▸ What you have to do:
Your answer must restate the listing below word for word and contain no images.
------------------------------------------------
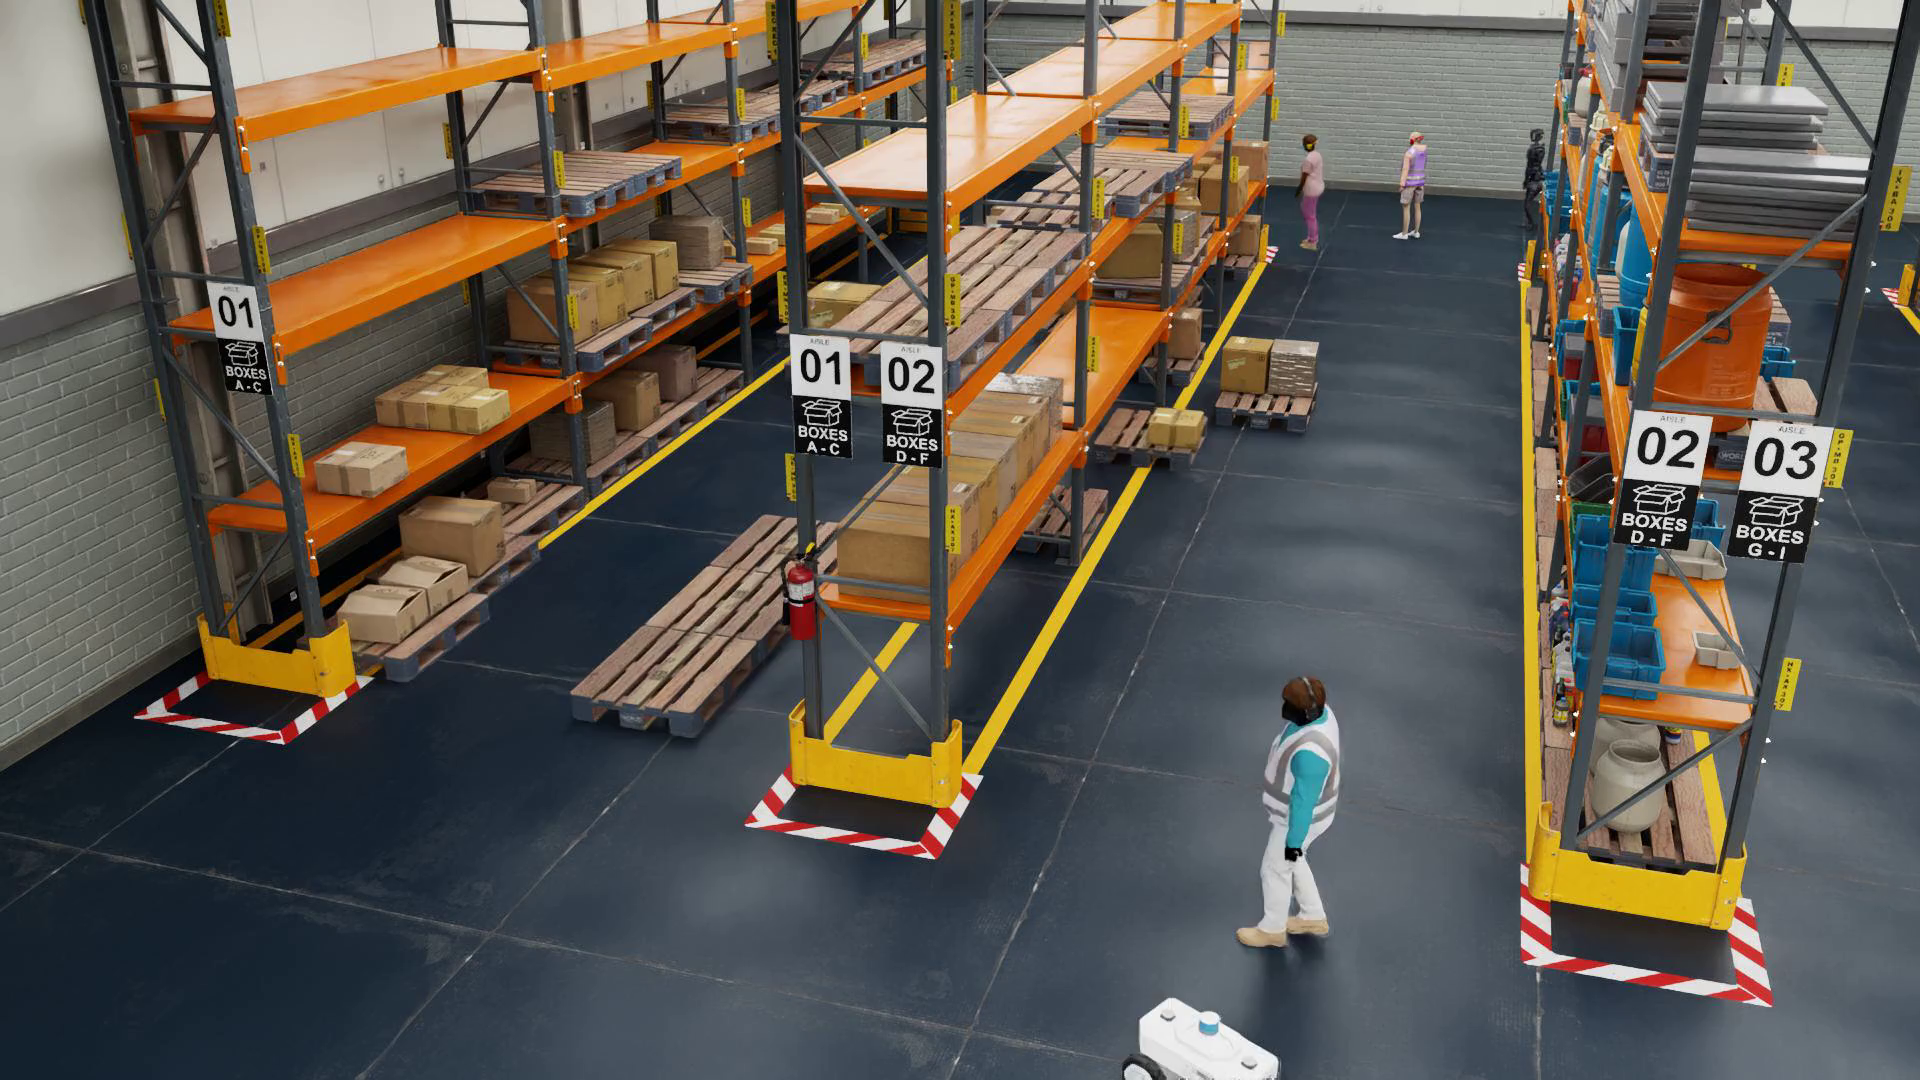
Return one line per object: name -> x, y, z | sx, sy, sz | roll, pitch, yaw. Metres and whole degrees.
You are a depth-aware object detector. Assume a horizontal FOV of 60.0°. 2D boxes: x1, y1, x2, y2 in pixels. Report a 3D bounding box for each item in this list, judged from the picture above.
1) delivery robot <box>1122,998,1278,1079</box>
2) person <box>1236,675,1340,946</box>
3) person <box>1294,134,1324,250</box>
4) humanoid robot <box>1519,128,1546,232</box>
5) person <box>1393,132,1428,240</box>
delivery robot -> 1.252, 2.697, 8.576 | 0.807, 0.609, 0.499 | 21, 31, 40
person -> 1.912, 1.566, 9.572 | 0.495, 1.817, 0.669 | 6, 24, 13
person -> 5.425, -5.389, 25.766 | 0.451, 1.775, 0.505 | 11, 26, 25
humanoid robot -> 9.293, -5.821, 26.889 | 0.362, 1.637, 0.591 | -1, 23, -2
person -> 7.185, -5.623, 26.421 | 0.488, 1.688, 0.350 | -14, 27, -29
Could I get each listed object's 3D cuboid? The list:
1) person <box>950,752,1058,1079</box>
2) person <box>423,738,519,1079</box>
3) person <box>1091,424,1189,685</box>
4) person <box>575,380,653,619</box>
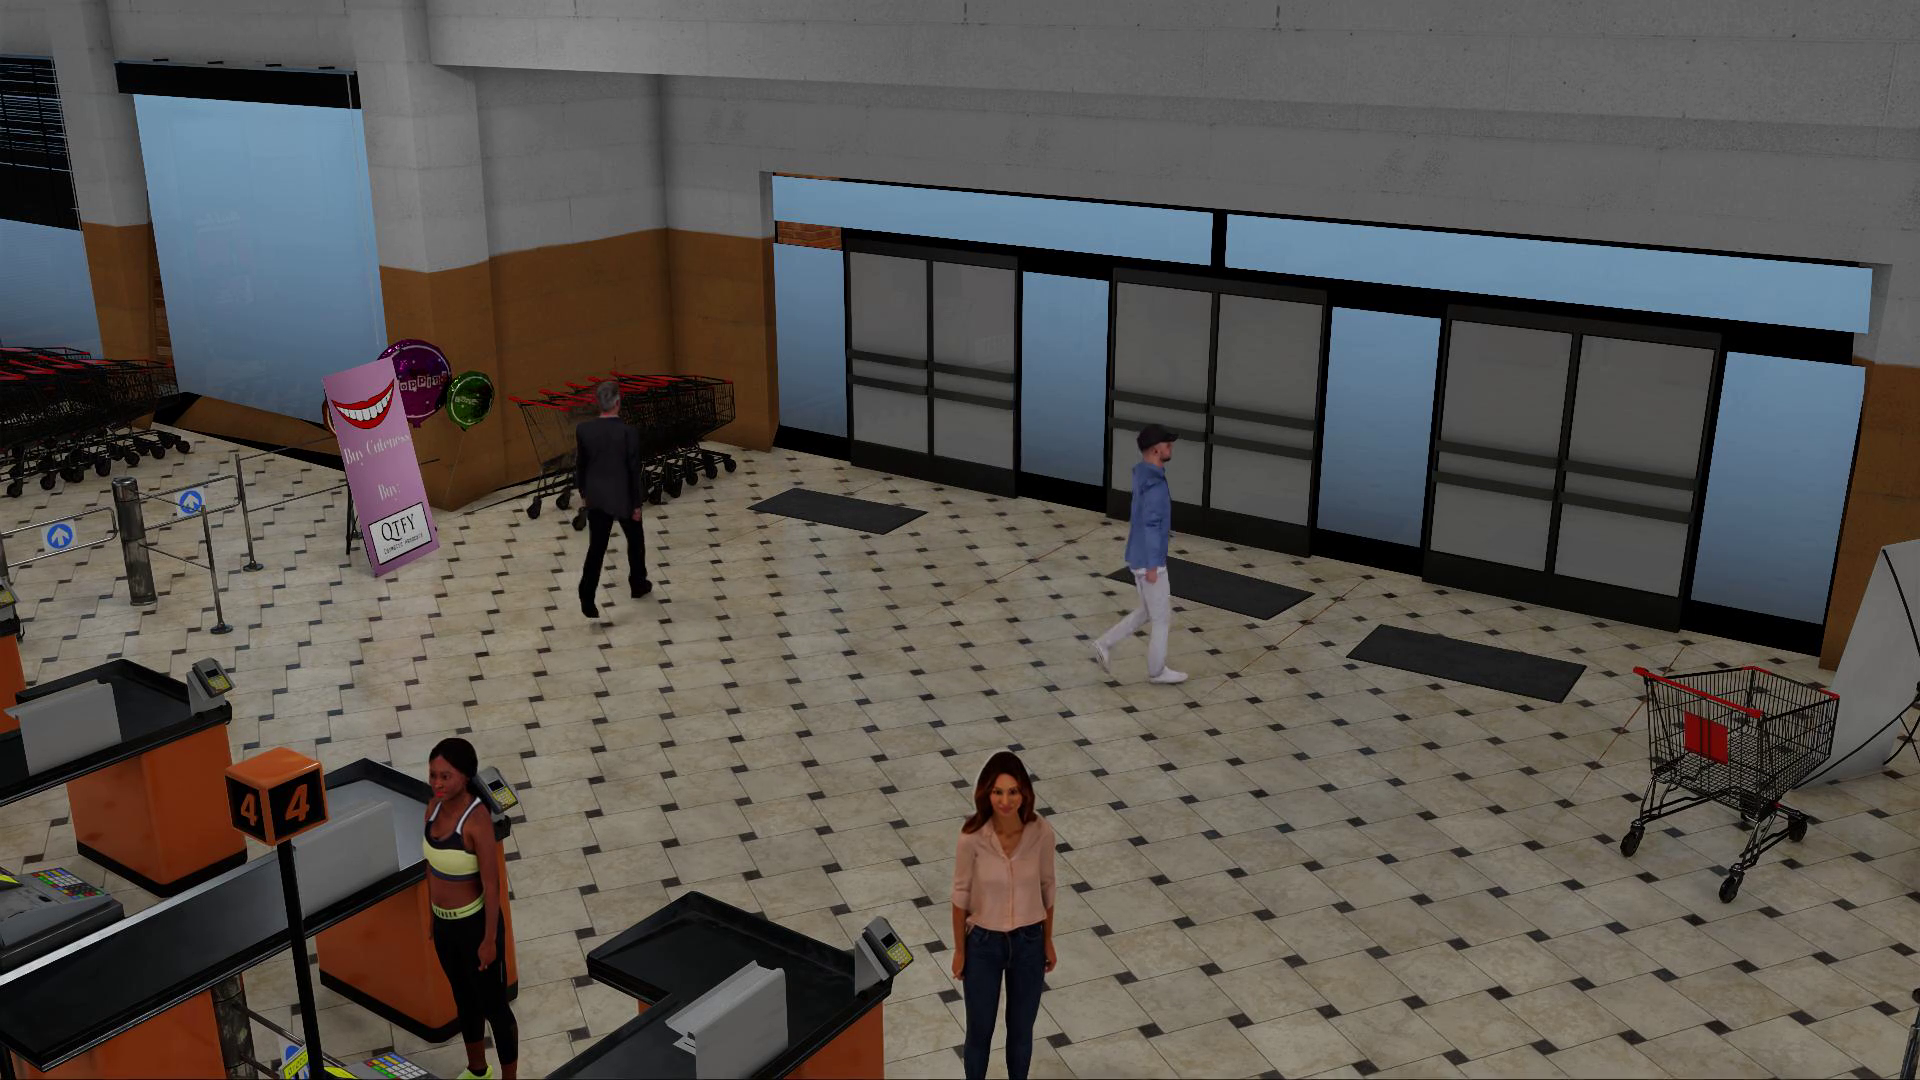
------------------------------------------------
▸ Task output:
Return one line per object: name -> x, y, z | sx, sy, sz | roll, pitch, yaw. Metres and whole degrees.
You are a depth-aware object detector. Assume a horizontal FOV of 60.0°. 2D boxes: x1, y1, x2, y2 in pixels. Report a 3D bounding box for each item in this list, judged from the picture above.
1) delivery robot <box>1122,998,1278,1079</box>
2) person <box>1236,675,1340,946</box>
3) person <box>1294,134,1324,250</box>
4) humanoid robot <box>1519,128,1546,232</box>
5) person <box>1393,132,1428,240</box>
delivery robot -> 1.252, 2.697, 8.576 | 0.807, 0.609, 0.499 | 21, 31, 40
person -> 1.912, 1.566, 9.572 | 0.495, 1.817, 0.669 | 6, 24, 13
person -> 5.425, -5.389, 25.766 | 0.451, 1.775, 0.505 | 11, 26, 25
humanoid robot -> 9.293, -5.821, 26.889 | 0.362, 1.637, 0.591 | -1, 23, -2
person -> 7.185, -5.623, 26.421 | 0.488, 1.688, 0.350 | -14, 27, -29
Could I get each listed object's 3D cuboid? The list:
1) person <box>950,752,1058,1079</box>
2) person <box>423,738,519,1079</box>
3) person <box>1091,424,1189,685</box>
4) person <box>575,380,653,619</box>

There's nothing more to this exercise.